American climate migration is underway [View all]


The complex, contradictory and heartbreaking process of American climate migration is underway

Abrahm LustgartenandProPublicaApril 14, 2024

Another great American migration is now underway, this time forced by the warming that is altering how and where people can live. For now, it’s just a trickle. But in the corners of the country’s most vulnerable landscapes — on the shores of its sinking bayous and on the eroding bluffs of its coastal defenses — populations are already in disarray.

As the U.S. gets hotter, its coastal waters rise higher, its wildfires burn larger and its droughts last longer, the notion that humankind can triumph over nature is fading, and with it, slowly, goes the belief that self-determination and personal preference can be the driving factors in choosing where to live. Scientific modeling of these pressures suggest a sweeping change is coming in the shape and location of communities across America, a change that promises to transform the country’s politics, culture and economy.

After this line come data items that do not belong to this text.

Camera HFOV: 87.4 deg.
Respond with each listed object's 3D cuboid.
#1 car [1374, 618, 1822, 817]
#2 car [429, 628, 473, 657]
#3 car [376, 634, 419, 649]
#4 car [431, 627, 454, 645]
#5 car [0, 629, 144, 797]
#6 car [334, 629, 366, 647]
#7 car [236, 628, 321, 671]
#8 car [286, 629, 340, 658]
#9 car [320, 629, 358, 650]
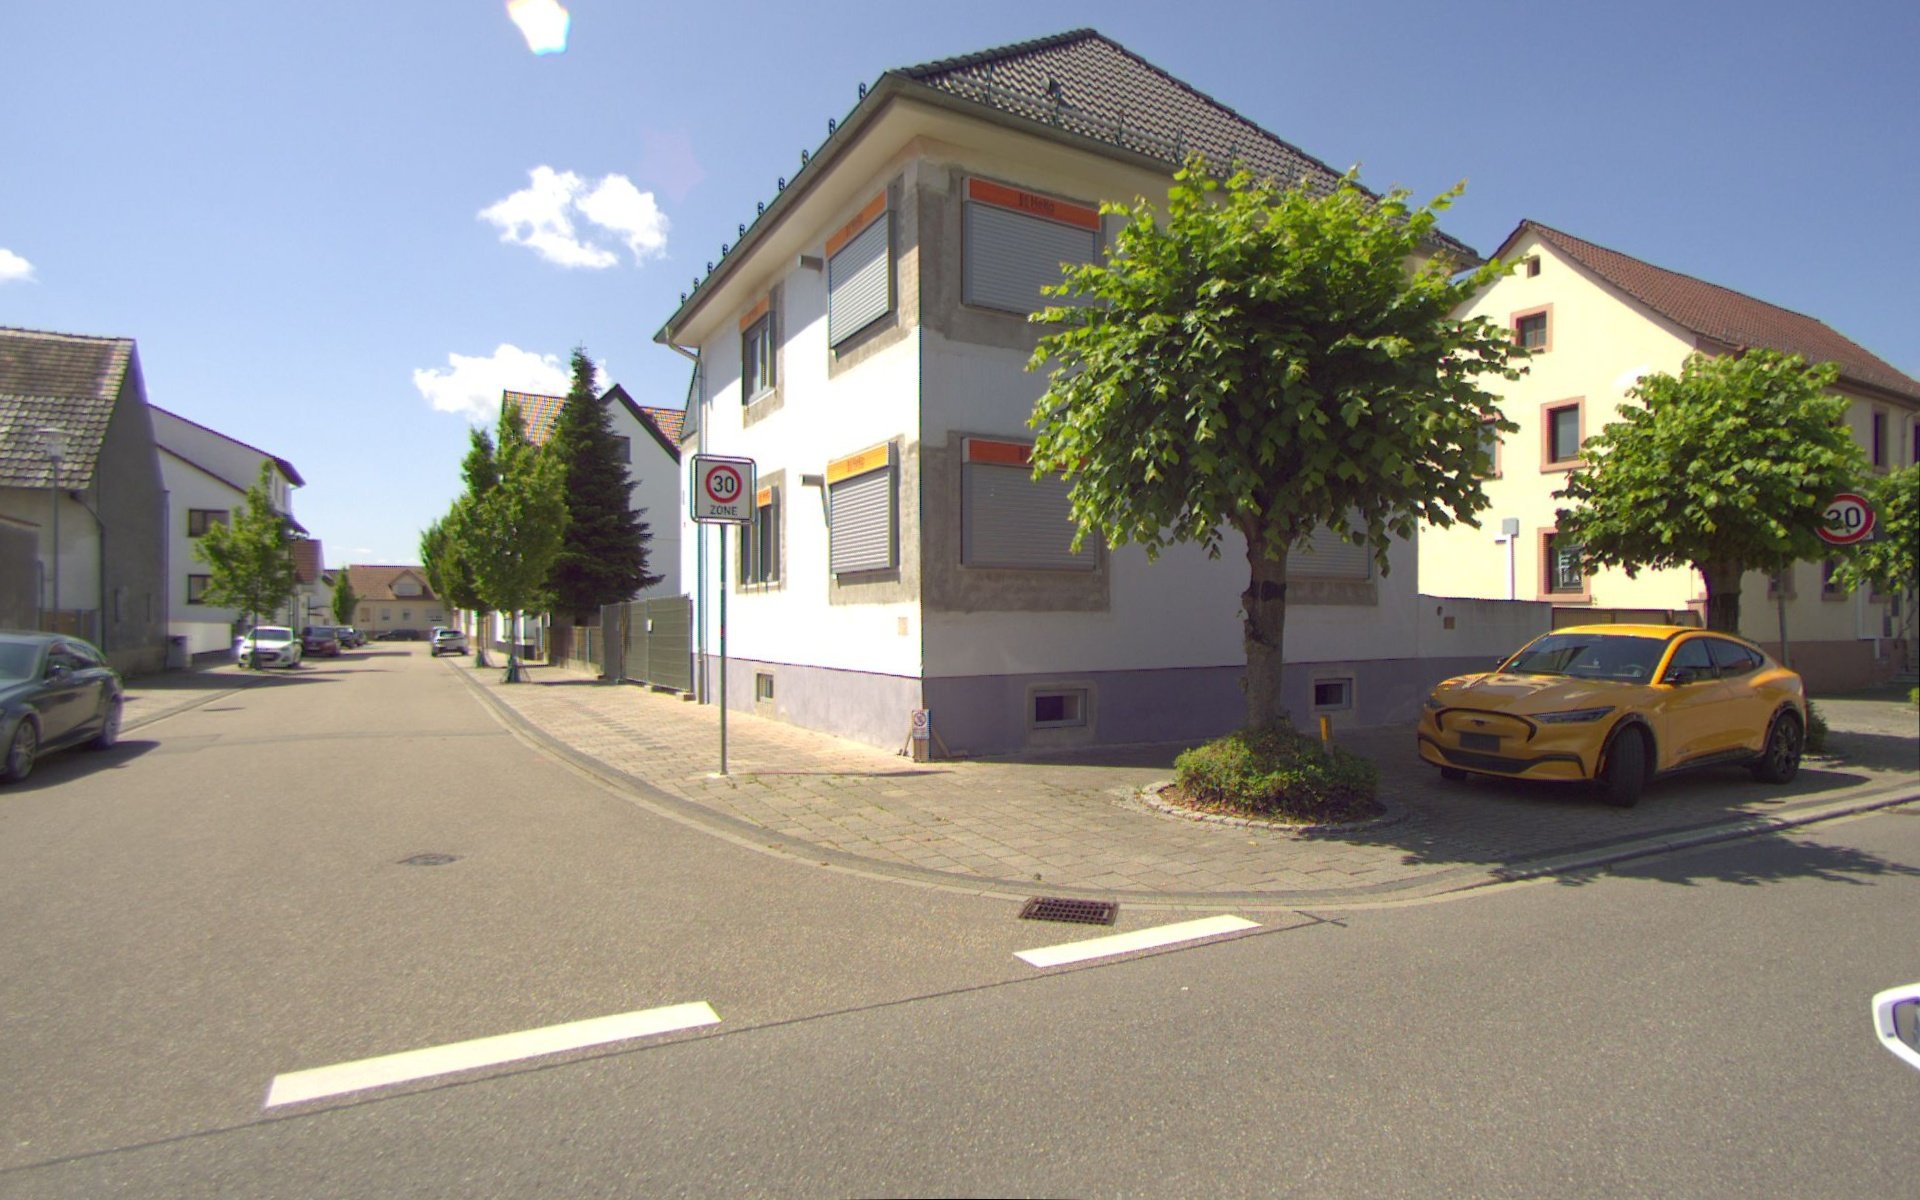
[{"bbox_3d":[6.724,1.043,10.494,4.631,1.633,1.985,1,0,-29],"label":"car"},{"bbox_3d":[-27.674,2.271,54.739,1.974,1.468,4.323,3,-2,-26],"label":"car"},{"bbox_3d":[-64.295,4.756,114.843,4.211,1.644,1.985,2,0,-29],"label":"car"},{"bbox_3d":[-45.504,3.158,88.301,1.734,1.468,3.245,3,-2,-28],"label":"car"},{"bbox_3d":[-10.425,1.058,10.462,1.974,1.468,4.323,3,-2,-26],"label":"car"},{"bbox_3d":[-50.409,3.092,83.107,1.944,1.392,4.320,3,-2,-28],"label":"car"},{"bbox_3d":[-25.544,1.827,37.787,1.974,1.468,4.323,3,-2,-26],"label":"car"},{"bbox_3d":[-34.307,2.289,53.390,1.975,1.468,4.320,3,-2,-28],"label":"car"},{"bbox_3d":[-44.323,2.820,71.733,1.944,1.392,4.320,3,-2,-28],"label":"car"}]

It has already begun. More Americans are displaced by catastrophic climate-change-driven storms and floods and fires every year. The Internal Displacement Monitoring Centre, the global nongovernmental organization researchers rely on to measure the number of people forcibly cast out of their homes by natural disasters, counted very few displaced Americans in 2009, 2010 and 2011, years in which few natural disasters struck the United States. But by 2016 the numbers had begun to surge, with between 1 million and 1.7 million newly displaced people annually. The disasters and heat waves each year have become legion. But the statistics show the human side of what has appeared to be a turning point in both the severity and frequency of wildfires and hurricanes. As the number of displaced people continues to grow, an ever-larger portion of those affected will make their moves permanent, migrating to safer ground or supportive communities. They will do so either because a singular disaster like the 2018 wildfire in Paradise, California — or Hurricane Harvey, which struck the Texas and Louisiana coasts — is so destructive it forces them to, or because the subtler “slow onset” change in their surroundings gradually grows so intolerable, uncomfortable or inconvenient that they make the decision to leave, proactively, by choice. In a 2021 study published in the journal Climatic Change, researchers found that 57% of the Americans they surveyed believed that changes in their climate would push them to consider a move sometime in the next decade.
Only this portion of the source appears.